### Requirement
All that should come back is the lines of the data below from the one containing "#3 motorcyclist on" to the one containing "#10 car (1059,419,1140,469)", inclusive, exactly as they stand.

Source data Start Marker

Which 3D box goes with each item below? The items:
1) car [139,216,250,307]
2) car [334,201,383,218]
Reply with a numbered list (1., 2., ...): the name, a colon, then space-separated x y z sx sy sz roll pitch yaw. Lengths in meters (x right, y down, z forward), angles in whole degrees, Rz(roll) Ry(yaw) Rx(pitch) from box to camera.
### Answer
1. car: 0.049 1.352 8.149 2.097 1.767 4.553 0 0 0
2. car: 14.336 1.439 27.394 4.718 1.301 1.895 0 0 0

Source data End Marker
Source data Start Marker

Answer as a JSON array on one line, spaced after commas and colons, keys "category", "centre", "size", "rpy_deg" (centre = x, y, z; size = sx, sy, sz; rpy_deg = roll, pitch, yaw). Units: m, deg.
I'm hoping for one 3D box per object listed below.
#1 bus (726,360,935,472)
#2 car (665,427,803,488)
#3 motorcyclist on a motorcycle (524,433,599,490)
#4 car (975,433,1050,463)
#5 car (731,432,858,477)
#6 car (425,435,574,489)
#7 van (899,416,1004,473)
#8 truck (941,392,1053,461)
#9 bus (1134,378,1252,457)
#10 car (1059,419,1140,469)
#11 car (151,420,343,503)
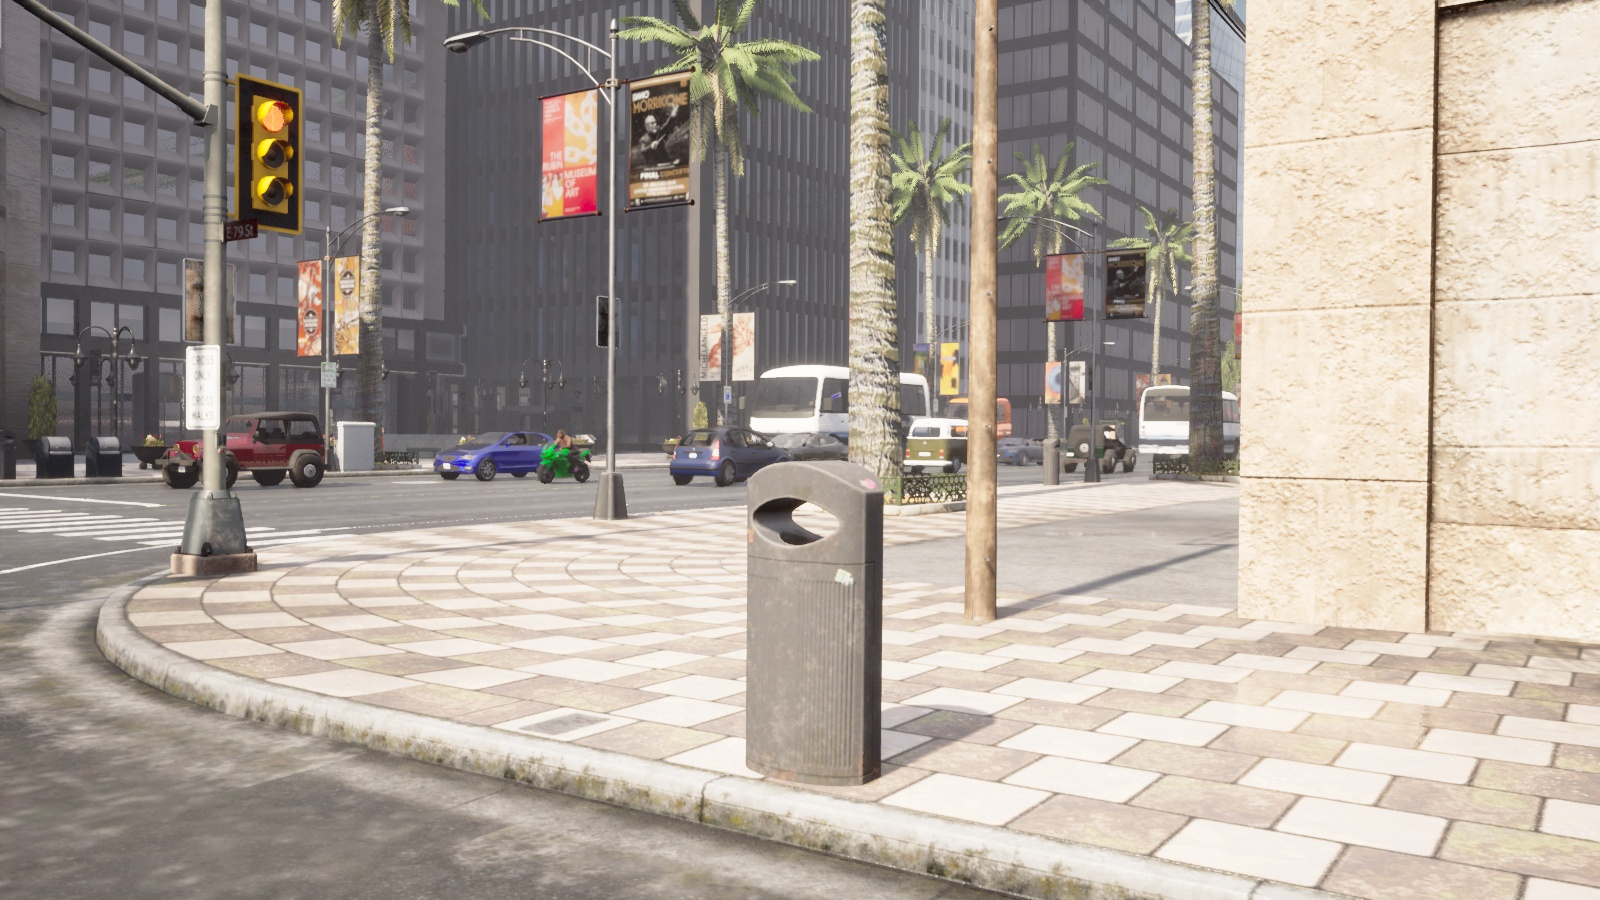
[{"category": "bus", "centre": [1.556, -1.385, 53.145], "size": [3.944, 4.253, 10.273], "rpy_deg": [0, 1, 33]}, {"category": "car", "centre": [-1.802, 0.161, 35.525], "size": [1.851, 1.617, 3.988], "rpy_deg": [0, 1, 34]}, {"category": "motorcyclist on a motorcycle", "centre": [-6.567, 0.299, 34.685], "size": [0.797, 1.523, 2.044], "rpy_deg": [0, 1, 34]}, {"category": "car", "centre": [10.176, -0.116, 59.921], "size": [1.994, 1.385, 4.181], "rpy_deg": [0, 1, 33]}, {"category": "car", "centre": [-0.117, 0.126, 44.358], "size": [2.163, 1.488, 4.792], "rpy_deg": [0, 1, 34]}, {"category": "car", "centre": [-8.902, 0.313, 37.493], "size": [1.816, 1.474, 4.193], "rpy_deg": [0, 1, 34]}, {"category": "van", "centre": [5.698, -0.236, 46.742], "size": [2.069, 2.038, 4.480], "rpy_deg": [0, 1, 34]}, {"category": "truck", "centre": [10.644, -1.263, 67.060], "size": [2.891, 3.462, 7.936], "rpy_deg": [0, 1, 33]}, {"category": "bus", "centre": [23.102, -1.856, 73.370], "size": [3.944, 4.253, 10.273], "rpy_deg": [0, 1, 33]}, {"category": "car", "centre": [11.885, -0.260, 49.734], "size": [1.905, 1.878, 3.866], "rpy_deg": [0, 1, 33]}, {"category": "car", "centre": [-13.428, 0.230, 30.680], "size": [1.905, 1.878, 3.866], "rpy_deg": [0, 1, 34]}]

Source data End Marker

### Response area
#3 motorcyclist on a motorcycle (524,433,599,490)
#4 car (975,433,1050,463)
#5 car (731,432,858,477)
#6 car (425,435,574,489)
#7 van (899,416,1004,473)
#8 truck (941,392,1053,461)
#9 bus (1134,378,1252,457)
#10 car (1059,419,1140,469)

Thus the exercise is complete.